NetPluck is a tool allows you to remotely extract assets, typically files, from local and remote archives, such as a zip, without fetching or opening the entire archive. NetPluck was specifically designed to be used for very large .zip files that were stored in remote locations such as buckets on Backblaze and CDNs.

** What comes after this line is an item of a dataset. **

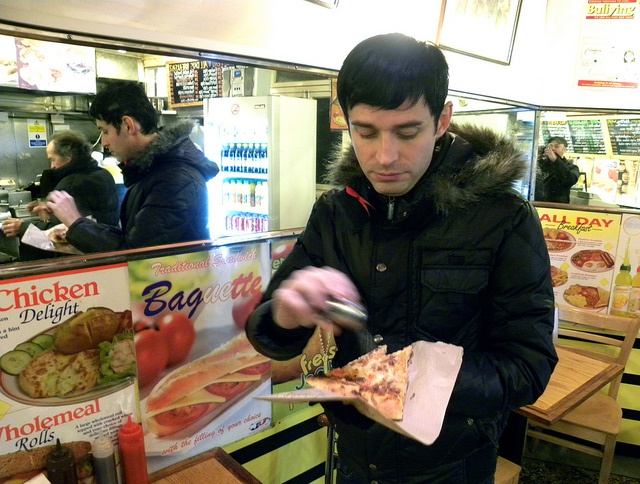Describe the objects in this image and their specific colors. I can see people in darkgray, black, and gray tones, people in darkgray, black, gray, navy, and olive tones, chair in darkgray, olive, black, and tan tones, dining table in darkgray, tan, olive, black, and maroon tones, and pizza in darkgray, tan, and salmon tones in this image.

It is extremely useful if you want to fetch the list of files or extract specific files of very large remote files.
If you intend to fetch and extract all the contents of the archive or your files are very small you don't need this library.

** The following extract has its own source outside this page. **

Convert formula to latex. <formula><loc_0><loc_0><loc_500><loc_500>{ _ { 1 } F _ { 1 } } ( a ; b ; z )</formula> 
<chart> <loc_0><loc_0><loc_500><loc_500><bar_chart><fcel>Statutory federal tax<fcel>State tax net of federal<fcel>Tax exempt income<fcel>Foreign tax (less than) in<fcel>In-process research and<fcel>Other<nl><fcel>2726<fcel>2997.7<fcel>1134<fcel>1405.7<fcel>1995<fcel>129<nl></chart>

There are three key features of NetPluck:
- Works very efficiently on large files
- Can tell you what's in the file without reading the entire thing
- Extracts specific files without reading the entire thing
NetPluck provides a CLI tool via netpluck and the core python libraries.
- zip
- zip64
- Local Files
- Remote Files over HTTP or HTTPS that support range
- Backblaze B2
netpluck --path sample_data.zip --toc
empty.txt
lava.png
message.txt
nova.bmp
triangles.png
You can pass regular expressions using --filter to extract files. If you do not specify the --out argument it will default to ./output/
netpluck --path sample_data.zip --filter="\.*bmp" --out ./output/
[1/1] 100.00% nova.bmp => ./output/nova.bmp
You can also use the --flatten flag if you want to strip all directories from the resulting output, this will dump all extracted matches into your output folder with no hierarchy.
You can enable the --stats flag to see data about bytes and lookups made.
netpluck --path sample_data.zip --stats --filter="\.*txt" --out ./output/
[1/2] 50.00% empty.txt => ./output/empty.txt
[2/2] 100.00% message.txt => ./output/message.txt
File size: 1.52MB
Cache hits: 7 size: 1.37KB
Uncached reads: 3 size: 64.10KB
Bytes saved: 1.46MB 95.88%
In this instance we read 64kb of the 1556kb file while extracting the two txt files.
Protocols in NetPluck are handled by a prefix like: https:// or b2:// to add new ones you must modify the netpluck.py main class and ProtocolType enum. Make sure you modify the _guess_protocol method so it can automatically determine the appropriate one.
Archive types can be extended by adding your own handler to netpluck/virtual_archive and subclassing the VirtualArchive. Be sure to implement all interfaces exposed by VirtualArchive. See the existing zip archive handler for an example. Typically this means you implement __init__ and _read_uncached_range. See netpluck/virtual_file/local.py or netpluck/virtual_file/http.py for a simple example.
You may also need to add a new virtual file type depending on how your data is queried which can be done just like VirtualArchive but with VirtualFile.